TASK TO CARRY OUT: Among the lines below, tally those that contain "forward" and respond with the total only.

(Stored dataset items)
== Segment start ==
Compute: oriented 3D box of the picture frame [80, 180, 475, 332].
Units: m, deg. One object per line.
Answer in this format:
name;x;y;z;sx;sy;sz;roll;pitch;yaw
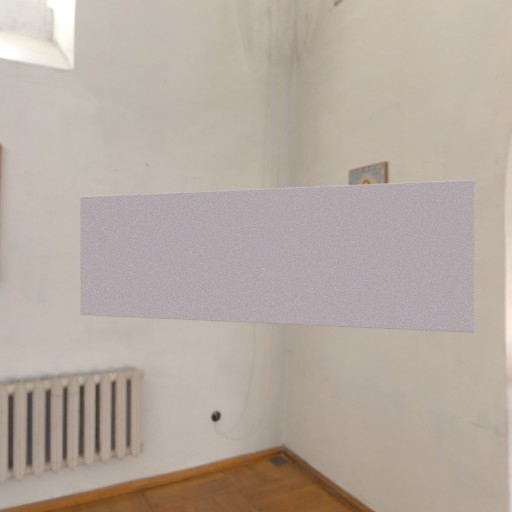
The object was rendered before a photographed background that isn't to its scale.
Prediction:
picture frame;0.000;0.000;0.854;0.759;0.250;0.050;0;0;16
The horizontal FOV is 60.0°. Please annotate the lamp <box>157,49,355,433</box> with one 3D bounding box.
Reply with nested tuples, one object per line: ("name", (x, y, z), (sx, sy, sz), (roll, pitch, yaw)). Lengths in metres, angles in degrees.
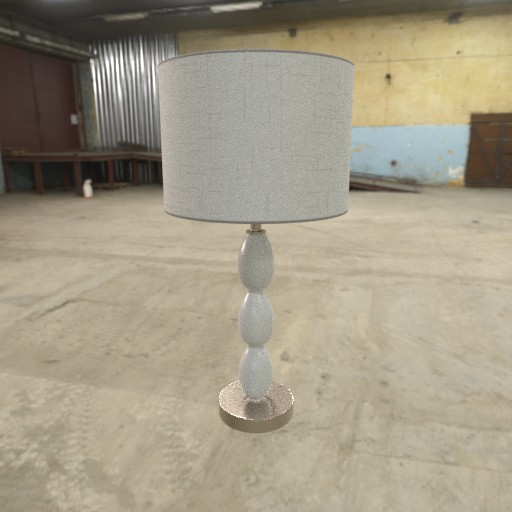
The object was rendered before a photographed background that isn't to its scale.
("lamp", (0.000, 0.000, 0.710), (0.282, 0.559, 0.280), (13, 19, 42))
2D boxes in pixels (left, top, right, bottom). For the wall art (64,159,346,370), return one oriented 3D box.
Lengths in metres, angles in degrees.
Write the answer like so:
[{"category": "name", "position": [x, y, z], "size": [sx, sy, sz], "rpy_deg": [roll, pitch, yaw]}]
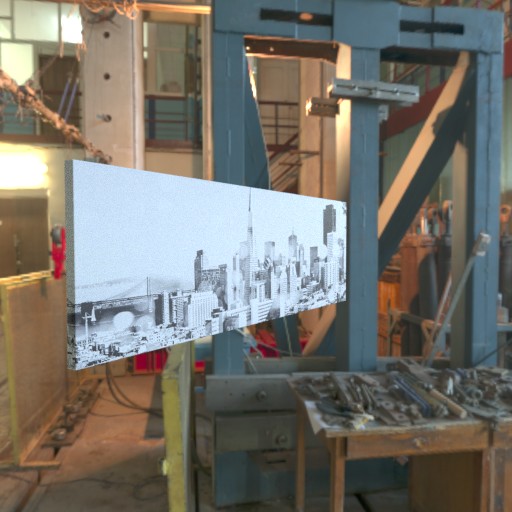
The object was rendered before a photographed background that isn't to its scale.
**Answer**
[{"category": "wall art", "position": [0.000, 0.000, 1.683], "size": [0.039, 0.507, 1.520], "rpy_deg": [2, 3, 36]}]
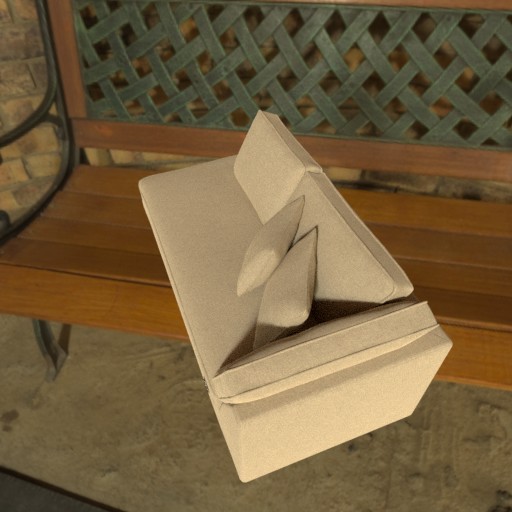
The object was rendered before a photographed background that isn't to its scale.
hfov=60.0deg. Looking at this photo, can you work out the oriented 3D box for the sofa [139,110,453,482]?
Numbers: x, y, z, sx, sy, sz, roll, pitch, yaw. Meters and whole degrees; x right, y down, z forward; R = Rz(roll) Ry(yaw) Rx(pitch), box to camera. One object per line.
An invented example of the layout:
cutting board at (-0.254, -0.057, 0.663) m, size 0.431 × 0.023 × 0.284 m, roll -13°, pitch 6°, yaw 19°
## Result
sofa at (0.000, 0.000, 2.823) m, size 1.110 × 1.033 × 2.237 m, roll -16°, pitch 49°, yaw -15°
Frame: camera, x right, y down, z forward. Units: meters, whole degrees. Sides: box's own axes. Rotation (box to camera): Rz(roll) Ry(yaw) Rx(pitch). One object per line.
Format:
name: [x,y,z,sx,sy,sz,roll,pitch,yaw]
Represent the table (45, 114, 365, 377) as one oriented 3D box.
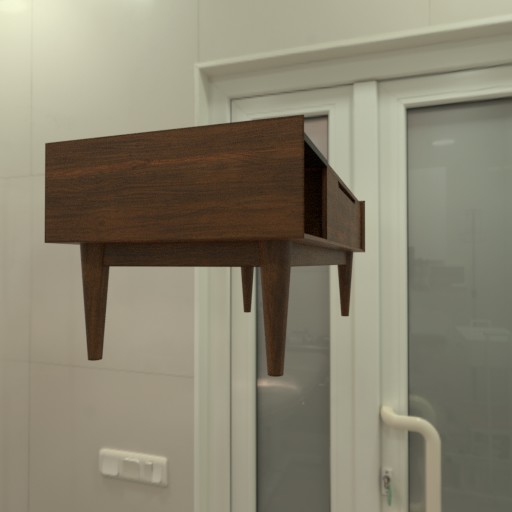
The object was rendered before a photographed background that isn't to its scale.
table: [0.000,0.000,1.498,0.610,0.508,1.221,0,-1,19]
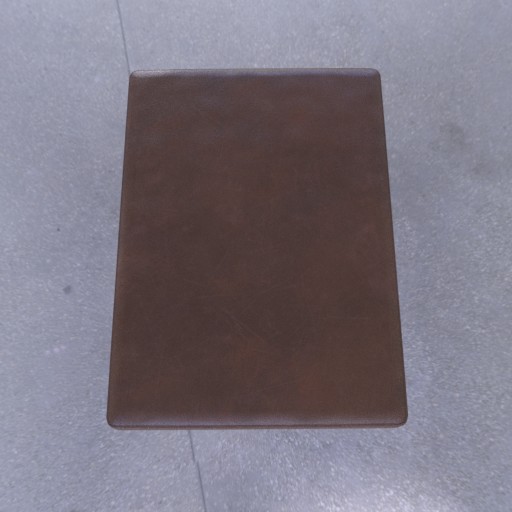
== Segment end ==
RESPONSE TO THIS EXERCISE: 2